Locality Sensitive Hashing (LSH) is a computer science technique for designing hash functions for high-dimensional data. LSH aims to maximise the probability that similar items map to the same hash bucket. The principle is to amplify the difference between similar and dissimilar items, keeping similar items closer together while pushing dissimilar items farther apart. This gives a probabilistic approach to nearest neighbour search, a problem that appears in machine learning, data mining, and information retrieval.
Background and Usage of LSH
LSH was introduced by Piotr Indyk and Rajeev Motwani in 1998 to address the "curse of dimensionality," where traditional computational algorithms become significantly less efficient as the dimensionality of a problem increases. This makes LSH useful in contexts dealing with large and complex data sets, including text analysis, recommendation systems, image recognition, and genome sequencing.
The general idea is to use hashing to map high-dimensional data into a lower-dimensional hash space. The hashing scheme is designed so that collisions are much more likely for objects close to each other in the original space than for objects far apart. This supports sub-linear time complexity for nearest neighbour searches, which matters when working with large data sets.
LSH Variant for Load Balancing
LSH is also used in load balancing for distributed systems. A variant of LSH, known as Consistent Hashing, is often used for this purpose. In consistent hashing, the output range of a hash function is treated as a fixed circular space or "ring" (think of this as a circular hash table). Each node or server in the system is assigned a random value within this space, and each data item or request is assigned to the node closest to it in the hash space.
The practical advantage of consistent hashing is that when a node is added or removed, only an average of 1/n keys need to be remapped, where n is the number of servers. Conventional hash functions would require almost all keys to be remapped. This property makes consistent hashing useful in dynamic environments where the server set changes often, such as in a CDN (Content Delivery Network).
LSH in CDNs for Load Splitting and Caching
In a CDN, data is distributed across multiple servers in different geographical regions. The objective is to let users access the data they need as quickly as possible. This is achieved by routing each user's request to the server closest to them that has the data they want.

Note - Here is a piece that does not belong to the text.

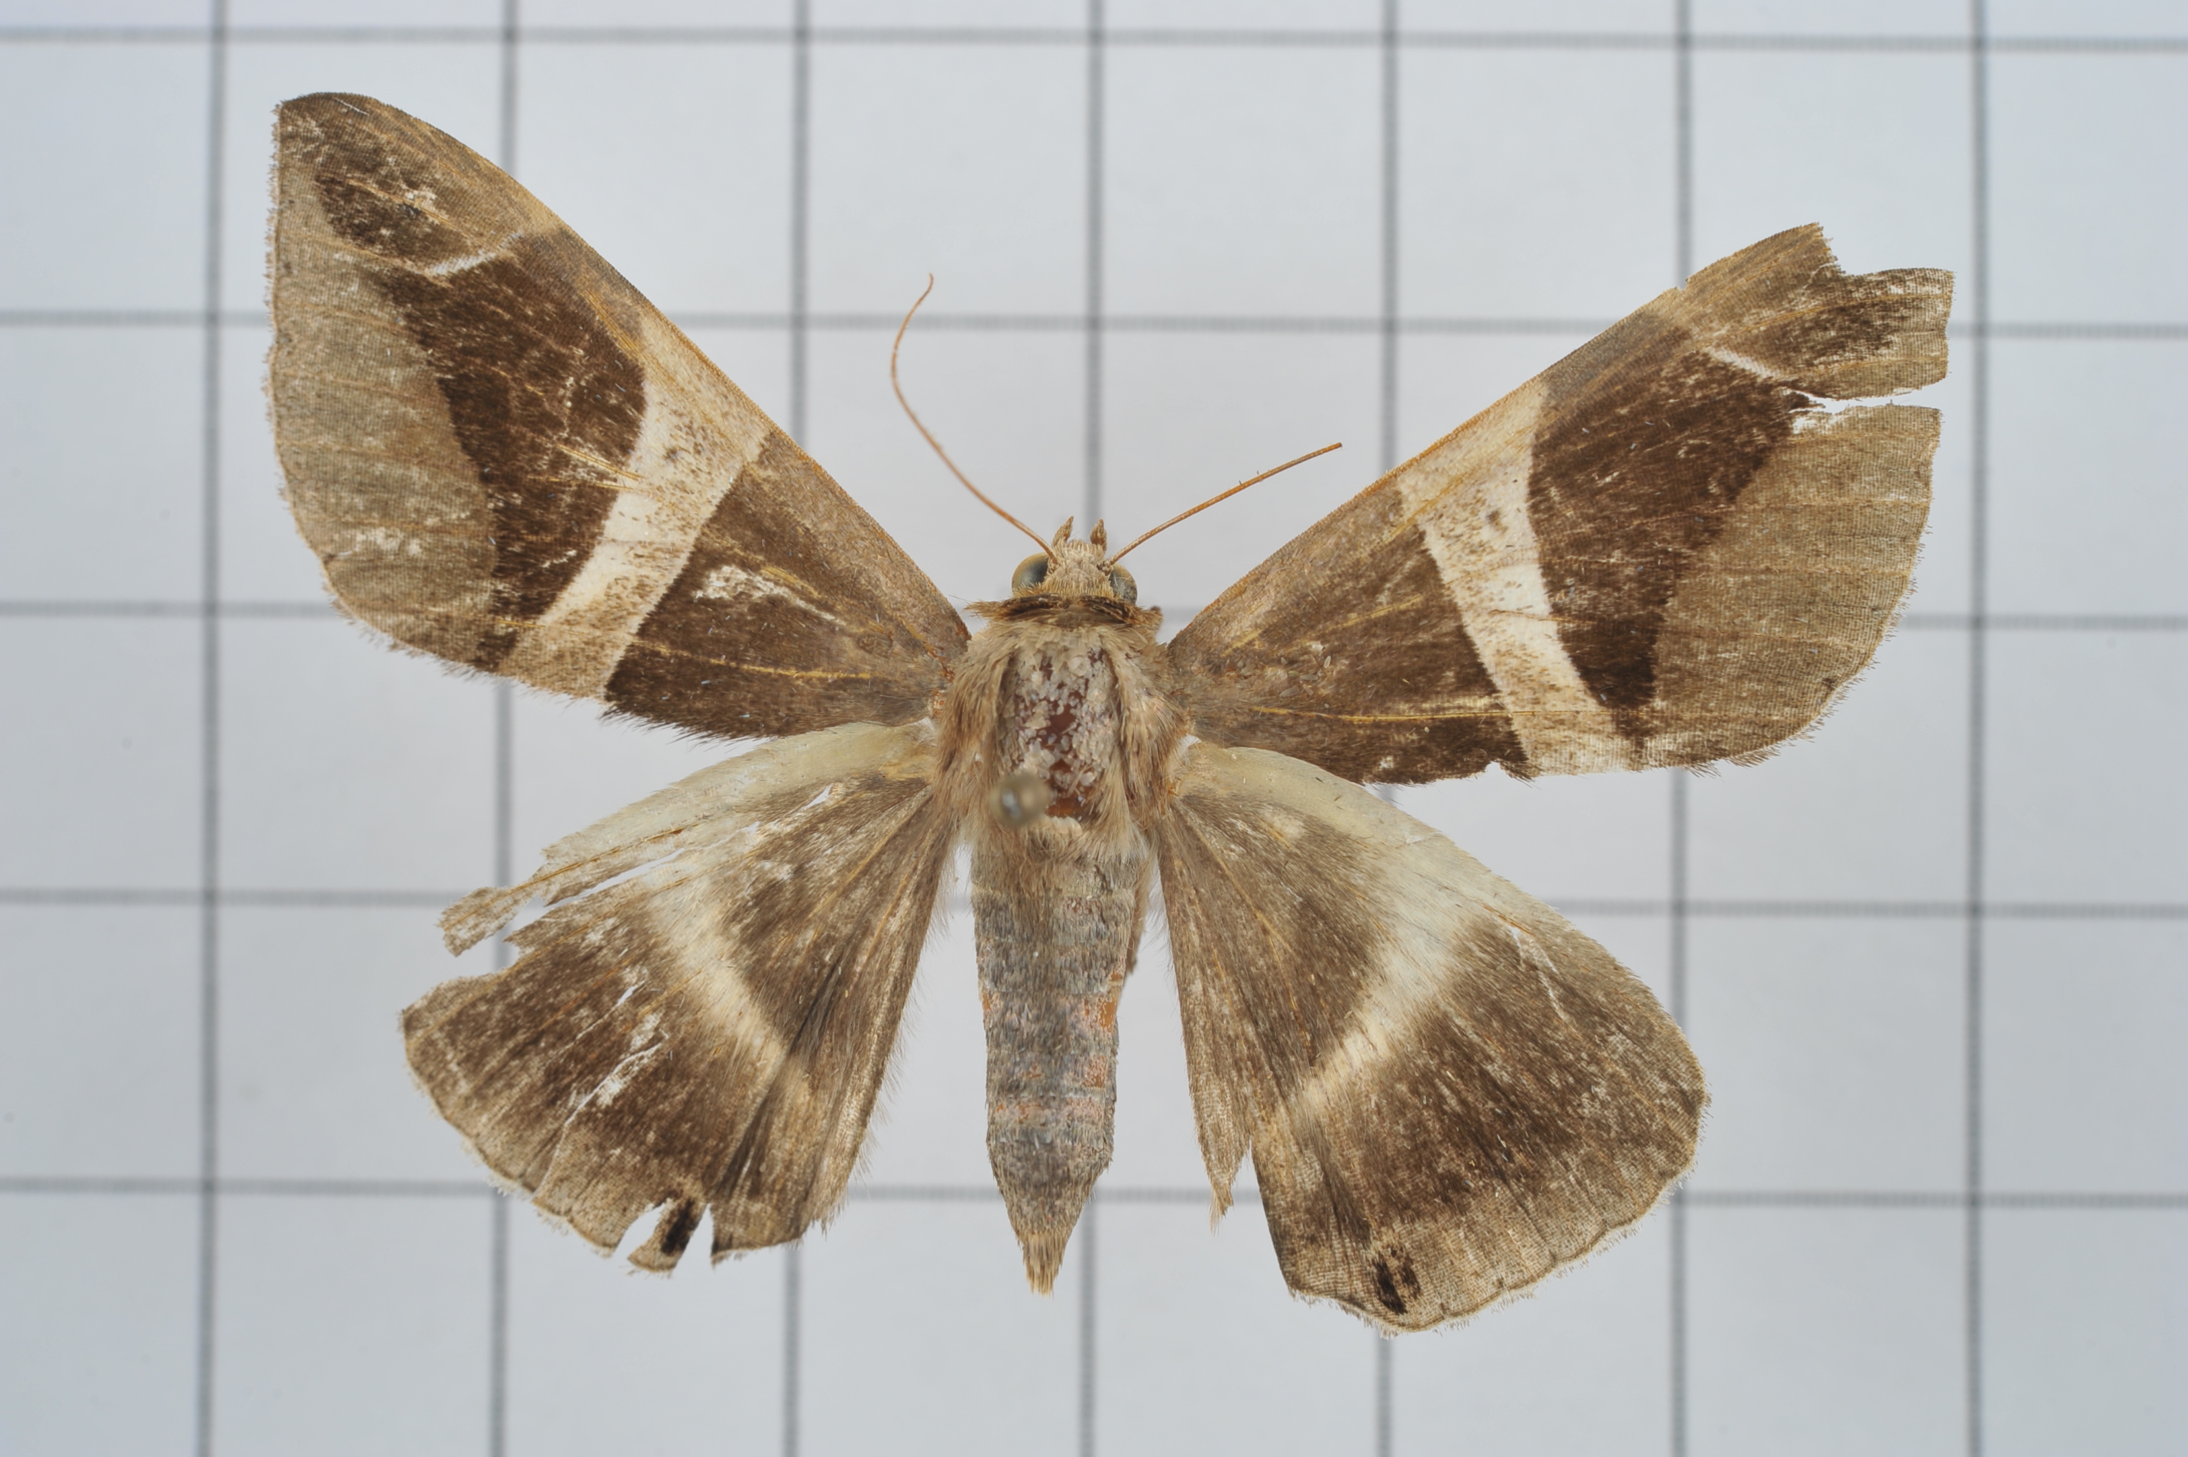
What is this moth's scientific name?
Bastilla praetermissa

Consistent hashing, a variant of LSH, fits this scenario. By hashing both data and user requests, we can assign each request to the server closest in the hash space. This approach gives an even distribution of load across all servers, improving overall system performance.
LSH can also make CDN caching more efficient. When a request for a specific piece of content comes in, the CDN can use the hash function to find the server holding that content. The content can then be served quickly, improving the user experience.
LSH and Server Pool Rebalancing
LSH also helps with rebalancing server pools. In dynamic environments, workload changes constantly, and servers may be added or removed frequently. This can create an imbalance in load distribution across servers.
Consistent hashing mitigates this issue. As mentioned earlier, when a server is added or removed, consistent hashing only requires a minimal reassignment of keys. This keeps load redistribution to a minimum, so the system can quickly adapt while maintaining a balanced load across all servers.
Maglev and LSH
Maglev is a network load balancer developed by Google that uses a distinctive approach to connection distribution. It employs a variant of consistent hashing to balance load across a pool of servers. Using a large lookup table and a consistent hashing-like algorithm, Maglev can evenly distribute traffic across servers, even when servers are added or removed.
Maglev's algorithm starts by assigning a pseudorandom permutation of backend servers for each entry in the lookup table. These entries are then filled by iterating over the permutation and assigning each entry to a server. If a server becomes unavailable, its entries are reassigned to other servers using the same permutation. If a server becomes available, it is gradually reintroduced into the permutation, minimising disruption. This is a practical demonstration of LSH's principles applied to server load, high availability, and performance.
Conclusion
Locality Sensitive Hashing has applications from high-dimensional data analysis to load balancing in distributed systems. Its property of bringing similar items closer in the hash space and pushing dissimilar items farther apart makes it useful for handling large and complex datasets. In CDNs and server pool management, LSH, and its variant Consistent Hashing, support balanced load distribution and efficient caching, improving system performance and user experience. Its application in Google's Maglev shows how these principles can be used in production-scale load balancing.